Fifty years since the revolution of Vatican II


Pope John XXIII and Vatican II made me a Catholic. I was received in the Church of St Patrick in London’s Soho Square in 1965, the Second Vatican Council’s last year, at the age of 28, writes John Wilkins in The Tablet.

My parents were disconcerted. "But Catholics drink," my mother correctly observed. She herself, coming from the Congregationalist tradition, never touched a drop all her life. "I am sure if I had brought

John up properly," she continued, "it would never have happened." My father, though from the same tradition, reassured her: "Well, it seems to make him happy."

The Catholic Church at the time attracted me as a magnet pulls an iron filing. I had been baptised an Anglican and converted by the Church of England. But I knew that it could never achieve anything like this council. I sometimes wonder if I would have made the same move into the Catholic communion today, and I doubt it. But I have never thought I made a mistake.

Pope Benedict XVI has been concerned to stress that the council came out of the heart of the Church. As he has put it with a typically acute touch, the Church has always been the Church and the Gospel was always to be found in it. So he stresses the continuity of before and after.
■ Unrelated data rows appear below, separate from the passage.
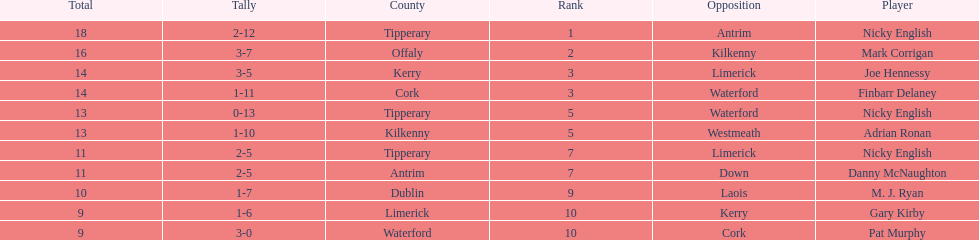Parse the table in full. {'header': ['Total', 'Tally', 'County', 'Rank', 'Opposition', 'Player'], 'rows': [['18', '2-12', 'Tipperary', '1', 'Antrim', 'Nicky English'], ['16', '3-7', 'Offaly', '2', 'Kilkenny', 'Mark Corrigan'], ['14', '3-5', 'Kerry', '3', 'Limerick', 'Joe Hennessy'], ['14', '1-11', 'Cork', '3', 'Waterford', 'Finbarr Delaney'], ['13', '0-13', 'Tipperary', '5', 'Waterford', 'Nicky English'], ['13', '1-10', 'Kilkenny', '5', 'Westmeath', 'Adrian Ronan'], ['11', '2-5', 'Tipperary', '7', 'Limerick', 'Nicky English'], ['11', '2-5', 'Antrim', '7', 'Down', 'Danny McNaughton'], ['10', '1-7', 'Dublin', '9', 'Laois', 'M. J. Ryan'], ['9', '1-6', 'Limerick', '10', 'Kerry', 'Gary Kirby'], ['9', '3-0', 'Waterford', '10', 'Cork', 'Pat Murphy']]} What was the combined total of nicky english and mark corrigan? 34. 
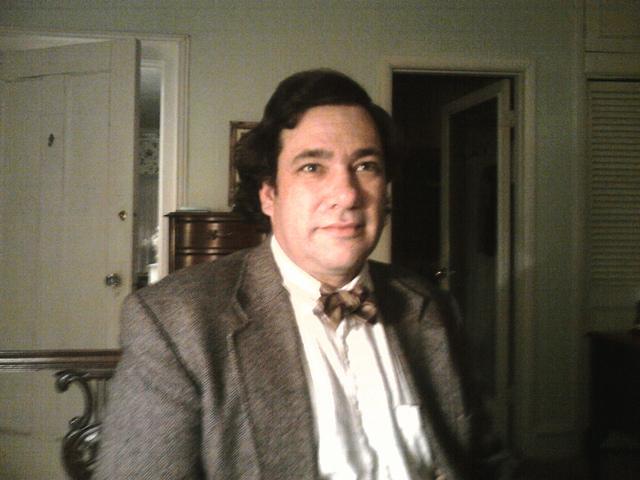What color is the man's bow tie?
Short answer required. Brown. What is he wearing around his neck?
Concise answer only. Bowtie. What color is the man's suit?
Concise answer only. Gray. Is his suit black?
Write a very short answer. No. What color bow tie is this person wearing?
Short answer required. Brown. What's behind the man?
Short answer required. Door. 
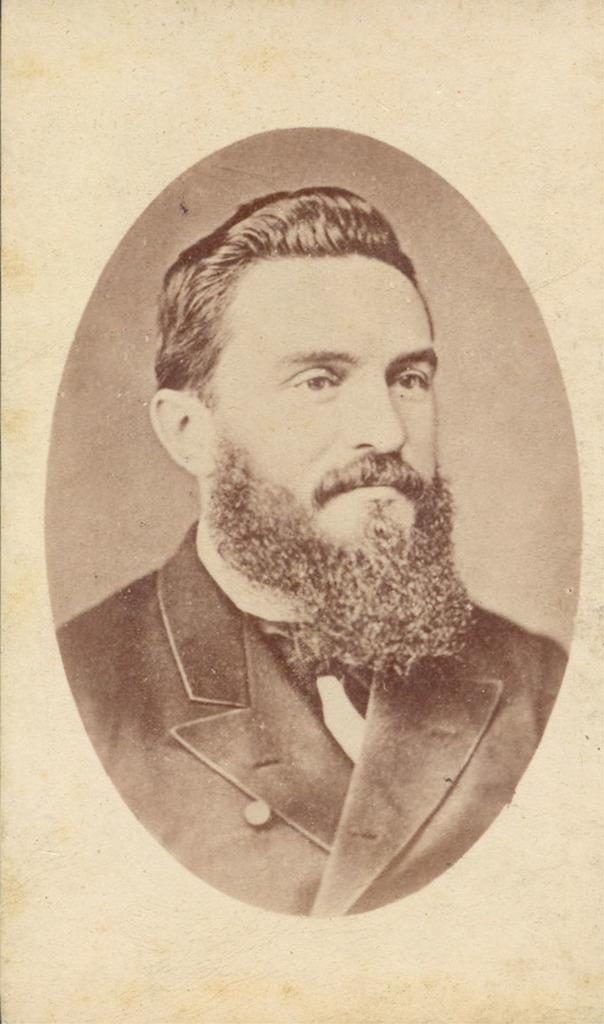What is the main subject of the image? There is a photo of a person in the image. How many giants are visible in the image? There are no giants present in the image; it features a photo of a person. 
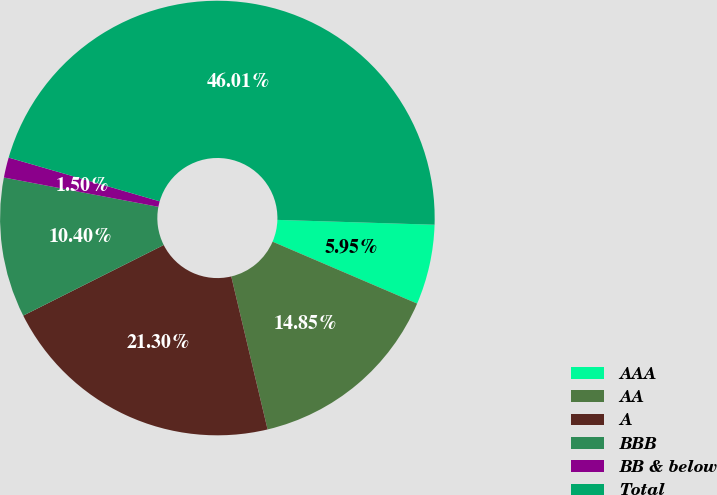<chart> <loc_0><loc_0><loc_500><loc_500><pie_chart><fcel>AAA<fcel>AA<fcel>A<fcel>BBB<fcel>BB & below<fcel>Total<nl><fcel>5.95%<fcel>14.85%<fcel>21.3%<fcel>10.4%<fcel>1.5%<fcel>46.01%<nl></chart> 
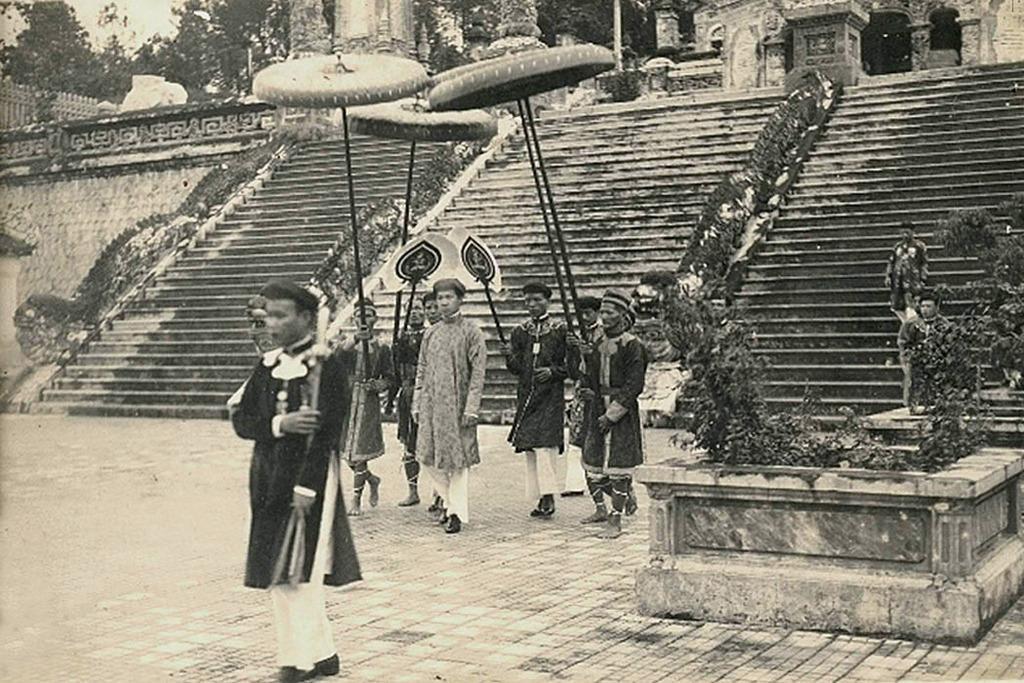In one or two sentences, can you explain what this image depicts? In this image in the center there are some people who are walking and they are holding some objects. In the background there are some stairs and buildings and trees. On the right side there are some plants, at the bottom there is walkway. 
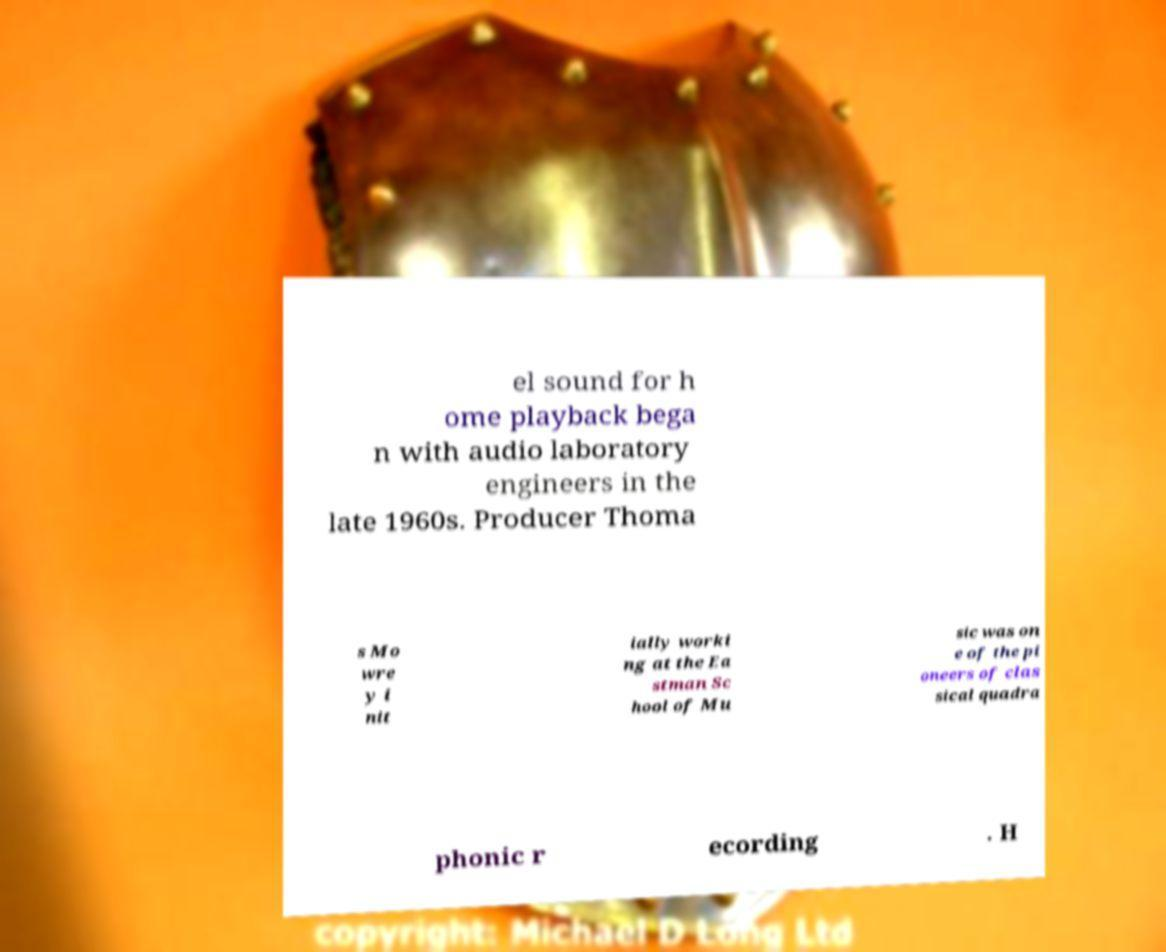Could you extract and type out the text from this image? el sound for h ome playback bega n with audio laboratory engineers in the late 1960s. Producer Thoma s Mo wre y i nit ially worki ng at the Ea stman Sc hool of Mu sic was on e of the pi oneers of clas sical quadra phonic r ecording . H 
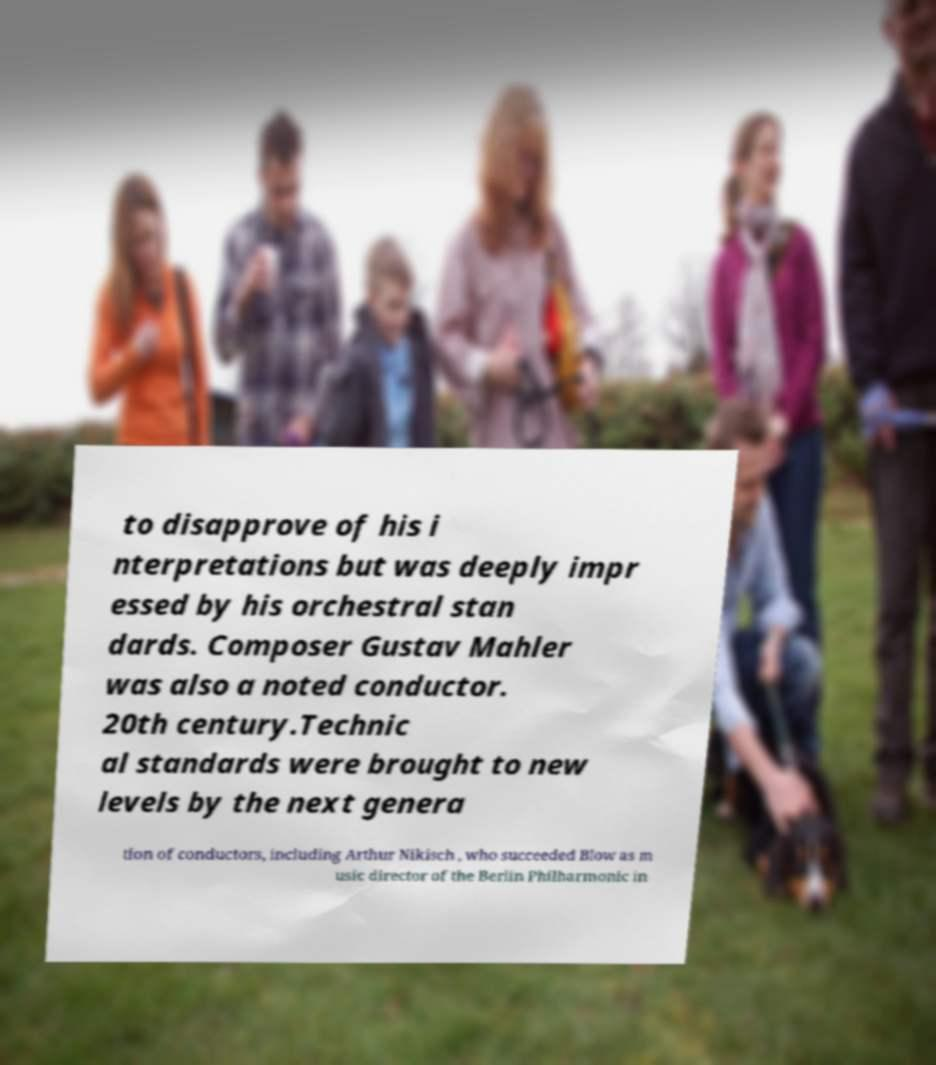I need the written content from this picture converted into text. Can you do that? to disapprove of his i nterpretations but was deeply impr essed by his orchestral stan dards. Composer Gustav Mahler was also a noted conductor. 20th century.Technic al standards were brought to new levels by the next genera tion of conductors, including Arthur Nikisch , who succeeded Blow as m usic director of the Berlin Philharmonic in

But I remember the council as revolutionary, because it went to the roots of the faith with radical results.

It adopted a more humble and pastoral style, based on dialogue, in keeping with Pope John’s lead. It presented the Church as a pilgrim with all humanity, specially concerned for the poor and afflicted. Anti-Semitism was repudiated. Religious freedom and the preeminence of the informed conscience were asserted, superseding the non-infallible teaching of a line of nineteenth-century popes.